This conversation is encouraging me to buy time cards, well done.


----------



## Zaraphayx (Jul 24, 2010)

Starcraft II all the way.


----------



## Fenrari (Jul 24, 2010)

lupinealchemist said:


> This conversation is encouraging me to buy time cards, well done.


 
 not my fault you don't think about alternative possibiilties.


----------



## Aetius (Jul 24, 2010)

I am going to have to go with WoW, the only game that was Blizzard relased in the 21st century so far.

...FOR THE ALLIANCE!


----------



## Nollix (Jul 24, 2010)

Having played both games extensively, I can safely say anyone who prefers WoW has never played Diablo. WoW is full of dumb assholes and basically has the shittiest community in gaming history. At least you can solo Diablo.


----------



## Villefort (Jul 24, 2010)

Probably the Diablo series.  Diablo and Diablo 2 were some of the first PC games that I played.
I've been waiting for the release of Diablo 3, can't wait to get that.  Hopefully the in-game economy won't be screwed up from duping like Diablo 2.


----------



## Seas (Jul 24, 2010)

Mike said:


> I am going to have to go with WoW, the only game that was Blizzard relased in the 21st century so far.


 
How about Warcraft 3? Like, the one your avatar is from?

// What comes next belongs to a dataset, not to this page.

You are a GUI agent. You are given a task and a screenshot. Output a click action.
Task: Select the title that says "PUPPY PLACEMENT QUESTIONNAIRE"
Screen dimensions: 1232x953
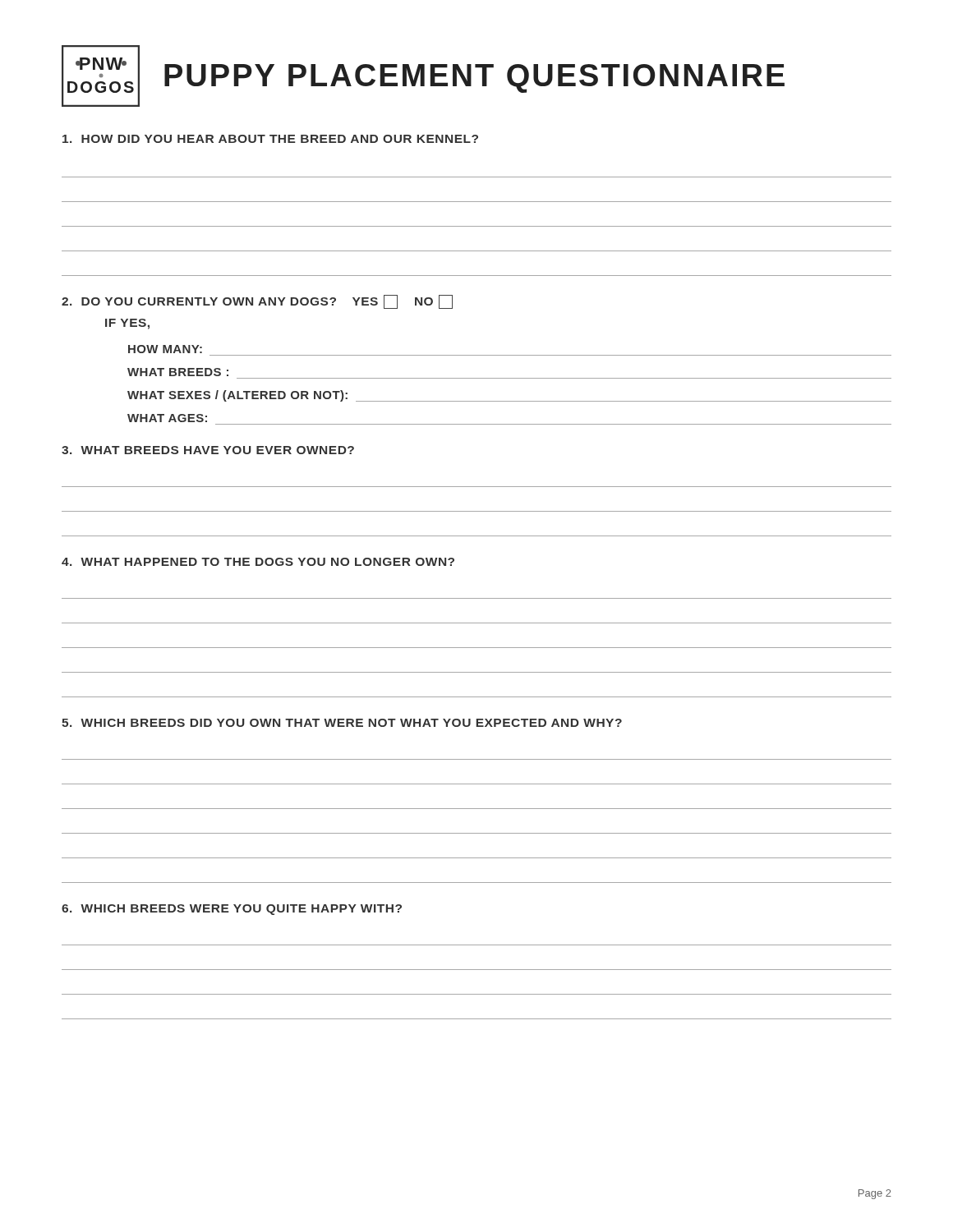475,76

Also, I vote for Diablo (with especially 2 in mind), second comes Warcraft 3, and then Starcraft.
I don't like themepark mmos (like WoW).


----------



## Tally (Jul 25, 2010)

WoW, although the stuff they are doing now sucks. Hopefully it'll get better in Cata, so I can start playing again.


----------



## Stizaar (Jul 25, 2010)

I'm certainly looking forward to cataclysm. Never played Diablo 3, but the early trailers have me interested, so I'm trying to follow it. All the starcraft hype has passed me by, really. Odd, seeing as I do like RTS games; I have a relatively broad spectrum when it comes to games. It's never occurred to me to try it until my friend asked me about it recently.


----------



## Zaraphayx (Jul 25, 2010)

Nollix said:


> Having played both games extensively, I can safely say anyone who prefers WoW has never played Diablo. WoW is full of dumb assholes and basically has the shittiest community in gaming history. At least you can solo Diablo.


 
You can solo WoW too.

And seriously if you played online Diablo was just as bad, only instead of 8 year olds calling you a fag because you wouldn't duel them it was full of hackers and botters who wouldn't give you a choice and just kill you anyway.


----------



## Nollix (Jul 26, 2010)

Zaraphayx said:


> You can solo WoW too.
> 
> And seriously if you played online Diablo was just as bad, only instead of 8 year olds calling you a fag because you wouldn't duel them it was full of hackers and botters who wouldn't give you a choice and just kill you anyway.


 
Hackers? That's why you play closed Battle.net, open makes it trivial to cheat since it uses your clientside character data.


----------



## Sumi (Jul 29, 2010)

I would have to say WoW... But I Havn't played Diablo in a while...


----------



## Scotty1700 (Jul 29, 2010)

...........but Blizzard makes Starcraft 2 does it not...make a SC2 button D:


----------



## Tally (Jul 30, 2010)

Scotty1700 said:


> ...........but Blizzard makes Starcraft 2 does it not...make a SC2 button D:


 
OP didn't want to make the poll too uneven.


----------



## Armaetus (Jul 30, 2010)

I'll take Diablo/2 over World of Shit anytime.

Also, fuck Starcraft.


----------



## Captain Howdy (Jul 30, 2010)

Glaice said:


> I'll take Diablo/2 over World of Shit anytime.
> 
> Also, fuck Starcraft.


 
This.


----------



## Ames (Jul 30, 2010)

Glaice said:


> I'll take Diablo/2 over World of Shit anytime.


 
This.  Diablo > WoW period.


----------